Westfield is officially cracking open the door to one of its biggest neighborhood builds yet. Today, the City Council signed off on a 765-acre, master-planned community called Ironstone, setting the stage for a multi-phase development north of State Road 32 in the Hortonville area. Developers say the community will ultimately bring more than 2,000 homes, a mixed-use village along the Monon Trail, lakes, parks and roughly 14 miles of internal trails. Neighbors and some officials are already sounding alarms about traffic and school capacity, while city leaders and the developer insist road upgrades and school land will roll out in step with construction.
According to Indianapolis Business Journal, the council approved the planned-unit development designation, which lets Platinum Properties move ahead with engineering, annexation and phased construction for the roughly 765-acre site. The outlet reported that the council vote was framed as the most significant regulatory hurdle for the project so far.
Who is behind the project
Platinum Properties, led by Paul Rioux, is the petitioner behind Ironstone. Rioux told WRTV the master plan could include roughly 2,200 homes on a mix of lot sizes and housing types and could take 10 to 12 years to fully build out. Mayor Scott Willis told the same outlet that the project lines up with the city's updated comprehensive plan and that the developer intends to donate land to Westfield Washington Schools so new facilities can be planned alongside Ironstone's growth.
Plan features and amenities
The concept map breaks Ironstone into neighborhoods called The Lakes, The Reserve and The Village, along with a Horton Square mixed-use hub that would bring shops, restaurants and some multifamily housing. According to Indiana Economic Digest, developer materials outline about 14 miles of internal trails, an amenity lake labeled Carey Lake and an 11-acre Foundry Park that would feature courts, a small amphitheater and a clubhouse, among other perks.
Infrastructure, schools and public safety
The developer has proposed donating roughly 40 acres at the northwest corner of 206th Street and Six Points Road to Westfield Washington Schools, giving the district space for an elementary school site.

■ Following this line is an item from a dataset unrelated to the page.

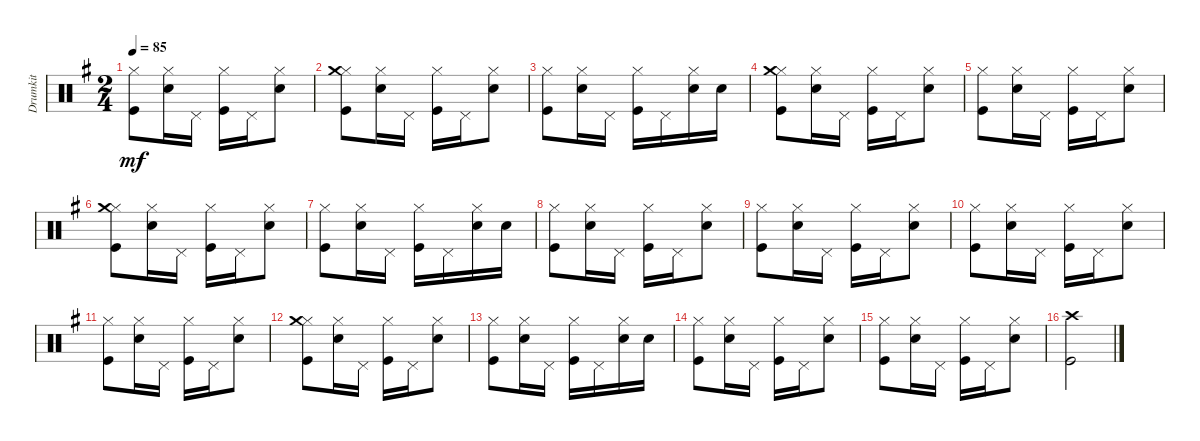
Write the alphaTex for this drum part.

City leaders have said they intend to schedule road work, including widening 191st Street and adding roundabouts, ahead of major home construction, according to local reporting. The city has also highlighted Ironstone's planned trailheads and public amenities on its official information pages, and officials say public-facing infrastructure will be phased to keep pace with the influx of residents.
Neighbors push back
Residents packed early public hearings, raising alarms about heavier traffic, loss of farmland and whether schools and roads can realistically absorb hundreds of new families in a relatively short window. Local coverage and public testimony have included calls to slow down approvals, spell out clearer phasing commitments and make sure impact fees or other funding tools are in place to cover road and utility upgrades tied directly to the project.
What happens next
With the council's vote in the books, the PUD authorization is set and the developer can pivot to engineering work, permitting and detailed phased site plans. Homes will be platted and built in stages, and each portion of the project will still go through the usual permitting and site-plan review. City public notices and plan-commission schedules show Ironstone has already cleared neighborhood meetings and workshops and will cycle back to staff and commissioners as engineers file specific site plans and plats for each district.